Prompt:
Would you please return the lines of the entries below starting at the line that has "#32 cardboard box [542, 0, 551, 21]" and ending at the line that has "#38 cardboard box [474, 13, 513, 111]", both included, exactly as they are?

Records from a data collection
________________________________________

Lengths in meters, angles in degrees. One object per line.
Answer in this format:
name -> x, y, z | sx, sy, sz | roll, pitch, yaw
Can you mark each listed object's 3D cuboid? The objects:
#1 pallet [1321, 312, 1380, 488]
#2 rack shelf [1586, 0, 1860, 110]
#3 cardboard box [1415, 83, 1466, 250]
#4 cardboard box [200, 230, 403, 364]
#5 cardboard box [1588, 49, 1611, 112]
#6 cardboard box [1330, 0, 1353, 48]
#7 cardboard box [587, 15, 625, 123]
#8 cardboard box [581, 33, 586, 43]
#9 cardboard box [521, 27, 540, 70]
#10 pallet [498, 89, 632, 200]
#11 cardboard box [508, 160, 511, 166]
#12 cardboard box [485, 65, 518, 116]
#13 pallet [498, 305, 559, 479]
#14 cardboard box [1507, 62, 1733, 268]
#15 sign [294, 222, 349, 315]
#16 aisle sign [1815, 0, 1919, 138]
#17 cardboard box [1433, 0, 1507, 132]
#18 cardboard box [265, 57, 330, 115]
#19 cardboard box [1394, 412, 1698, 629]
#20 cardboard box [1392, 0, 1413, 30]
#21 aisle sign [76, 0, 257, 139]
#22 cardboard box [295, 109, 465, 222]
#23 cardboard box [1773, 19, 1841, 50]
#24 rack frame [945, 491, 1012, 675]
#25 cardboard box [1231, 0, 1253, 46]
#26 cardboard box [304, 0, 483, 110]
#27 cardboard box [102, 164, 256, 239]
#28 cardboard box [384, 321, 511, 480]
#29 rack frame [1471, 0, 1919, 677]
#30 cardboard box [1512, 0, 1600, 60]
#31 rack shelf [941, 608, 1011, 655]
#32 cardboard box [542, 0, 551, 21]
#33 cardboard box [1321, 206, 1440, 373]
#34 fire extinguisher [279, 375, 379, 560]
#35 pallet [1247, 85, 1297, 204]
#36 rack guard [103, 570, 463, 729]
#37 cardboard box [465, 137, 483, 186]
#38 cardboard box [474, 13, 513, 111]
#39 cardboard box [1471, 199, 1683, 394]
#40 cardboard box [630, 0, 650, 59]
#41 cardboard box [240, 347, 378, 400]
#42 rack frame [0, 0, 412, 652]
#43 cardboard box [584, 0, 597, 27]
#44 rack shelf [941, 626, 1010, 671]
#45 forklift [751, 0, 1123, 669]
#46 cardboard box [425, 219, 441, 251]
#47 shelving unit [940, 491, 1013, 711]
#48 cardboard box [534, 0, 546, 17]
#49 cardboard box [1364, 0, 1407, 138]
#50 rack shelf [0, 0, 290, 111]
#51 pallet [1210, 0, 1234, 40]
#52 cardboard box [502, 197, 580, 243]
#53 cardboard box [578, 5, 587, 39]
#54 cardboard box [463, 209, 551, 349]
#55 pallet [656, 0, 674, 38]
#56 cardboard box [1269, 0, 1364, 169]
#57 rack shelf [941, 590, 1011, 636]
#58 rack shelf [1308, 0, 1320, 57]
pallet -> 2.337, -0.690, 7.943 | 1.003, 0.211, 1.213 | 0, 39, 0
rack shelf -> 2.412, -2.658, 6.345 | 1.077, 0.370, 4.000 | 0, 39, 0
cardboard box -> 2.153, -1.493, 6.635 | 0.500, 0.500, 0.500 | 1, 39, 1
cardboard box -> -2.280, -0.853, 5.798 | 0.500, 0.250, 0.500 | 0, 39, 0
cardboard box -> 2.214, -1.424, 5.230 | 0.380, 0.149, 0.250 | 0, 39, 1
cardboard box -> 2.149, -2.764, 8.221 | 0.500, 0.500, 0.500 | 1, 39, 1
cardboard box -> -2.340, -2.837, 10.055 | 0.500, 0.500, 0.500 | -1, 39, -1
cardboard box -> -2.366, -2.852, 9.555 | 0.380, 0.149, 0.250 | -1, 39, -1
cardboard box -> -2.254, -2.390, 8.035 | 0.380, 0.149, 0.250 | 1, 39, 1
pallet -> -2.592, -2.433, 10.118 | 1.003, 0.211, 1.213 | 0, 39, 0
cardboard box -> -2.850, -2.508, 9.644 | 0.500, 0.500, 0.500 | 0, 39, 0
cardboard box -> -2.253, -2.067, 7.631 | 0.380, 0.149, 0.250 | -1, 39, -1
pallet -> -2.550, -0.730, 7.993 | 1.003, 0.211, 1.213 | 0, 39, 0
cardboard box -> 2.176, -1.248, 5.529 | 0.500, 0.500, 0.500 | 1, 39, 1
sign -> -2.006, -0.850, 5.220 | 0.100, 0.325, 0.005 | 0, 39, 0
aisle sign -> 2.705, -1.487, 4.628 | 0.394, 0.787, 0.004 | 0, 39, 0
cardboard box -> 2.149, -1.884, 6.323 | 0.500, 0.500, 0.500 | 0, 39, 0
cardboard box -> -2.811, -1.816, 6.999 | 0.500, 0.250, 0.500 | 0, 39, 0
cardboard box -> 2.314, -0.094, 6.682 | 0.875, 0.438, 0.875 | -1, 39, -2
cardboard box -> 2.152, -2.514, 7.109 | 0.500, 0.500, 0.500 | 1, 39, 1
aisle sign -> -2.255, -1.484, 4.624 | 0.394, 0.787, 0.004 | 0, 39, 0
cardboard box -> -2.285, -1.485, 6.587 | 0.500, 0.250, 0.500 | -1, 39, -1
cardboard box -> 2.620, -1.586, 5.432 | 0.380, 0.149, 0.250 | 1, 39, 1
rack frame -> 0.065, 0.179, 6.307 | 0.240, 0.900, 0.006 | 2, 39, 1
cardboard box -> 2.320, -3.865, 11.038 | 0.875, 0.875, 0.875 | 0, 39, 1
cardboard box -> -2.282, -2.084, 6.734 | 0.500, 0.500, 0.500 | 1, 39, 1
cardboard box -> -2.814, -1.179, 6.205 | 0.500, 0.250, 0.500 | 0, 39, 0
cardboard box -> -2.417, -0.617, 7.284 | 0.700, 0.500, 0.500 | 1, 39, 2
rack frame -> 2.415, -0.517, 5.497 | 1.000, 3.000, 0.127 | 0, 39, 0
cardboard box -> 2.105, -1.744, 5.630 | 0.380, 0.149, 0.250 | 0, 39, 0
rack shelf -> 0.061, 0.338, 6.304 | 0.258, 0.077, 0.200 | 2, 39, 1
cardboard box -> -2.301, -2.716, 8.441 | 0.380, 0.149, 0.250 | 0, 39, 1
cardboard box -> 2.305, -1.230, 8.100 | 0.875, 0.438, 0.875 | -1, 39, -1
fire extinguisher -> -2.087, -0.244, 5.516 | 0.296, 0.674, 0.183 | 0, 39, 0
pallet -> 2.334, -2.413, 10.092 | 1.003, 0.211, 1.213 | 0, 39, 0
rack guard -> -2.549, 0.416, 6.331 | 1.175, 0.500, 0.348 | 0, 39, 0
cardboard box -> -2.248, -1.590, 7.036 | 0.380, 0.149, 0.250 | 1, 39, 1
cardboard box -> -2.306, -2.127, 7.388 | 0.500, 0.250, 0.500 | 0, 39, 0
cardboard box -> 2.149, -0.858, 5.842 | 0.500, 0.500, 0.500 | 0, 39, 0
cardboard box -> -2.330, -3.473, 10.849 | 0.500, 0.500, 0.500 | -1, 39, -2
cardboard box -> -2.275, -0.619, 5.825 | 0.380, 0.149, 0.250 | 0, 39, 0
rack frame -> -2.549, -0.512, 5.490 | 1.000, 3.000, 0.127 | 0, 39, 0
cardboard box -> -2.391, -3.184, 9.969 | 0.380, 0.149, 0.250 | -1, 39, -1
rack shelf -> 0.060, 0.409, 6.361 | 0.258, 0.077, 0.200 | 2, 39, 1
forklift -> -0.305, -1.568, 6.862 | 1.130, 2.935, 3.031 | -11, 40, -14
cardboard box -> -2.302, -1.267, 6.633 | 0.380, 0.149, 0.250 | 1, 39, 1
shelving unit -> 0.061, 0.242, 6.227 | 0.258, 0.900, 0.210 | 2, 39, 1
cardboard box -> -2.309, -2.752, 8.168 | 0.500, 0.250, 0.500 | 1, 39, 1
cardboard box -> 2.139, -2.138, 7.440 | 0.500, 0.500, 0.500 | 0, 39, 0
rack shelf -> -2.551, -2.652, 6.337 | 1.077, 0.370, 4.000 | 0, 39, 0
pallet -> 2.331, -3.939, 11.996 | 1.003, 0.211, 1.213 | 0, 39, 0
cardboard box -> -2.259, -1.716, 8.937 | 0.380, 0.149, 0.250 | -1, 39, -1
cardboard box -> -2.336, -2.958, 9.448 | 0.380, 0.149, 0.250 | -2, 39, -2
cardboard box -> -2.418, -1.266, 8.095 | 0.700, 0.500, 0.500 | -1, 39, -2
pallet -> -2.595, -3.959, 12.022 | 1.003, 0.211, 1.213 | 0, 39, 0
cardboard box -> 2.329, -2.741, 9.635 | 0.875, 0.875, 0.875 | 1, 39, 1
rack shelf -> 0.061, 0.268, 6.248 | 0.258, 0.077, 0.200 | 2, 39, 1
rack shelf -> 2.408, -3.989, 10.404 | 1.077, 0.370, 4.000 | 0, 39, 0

________________________________________

Result for this exercise:
#32 cardboard box [542, 0, 551, 21]
#33 cardboard box [1321, 206, 1440, 373]
#34 fire extinguisher [279, 375, 379, 560]
#35 pallet [1247, 85, 1297, 204]
#36 rack guard [103, 570, 463, 729]
#37 cardboard box [465, 137, 483, 186]
#38 cardboard box [474, 13, 513, 111]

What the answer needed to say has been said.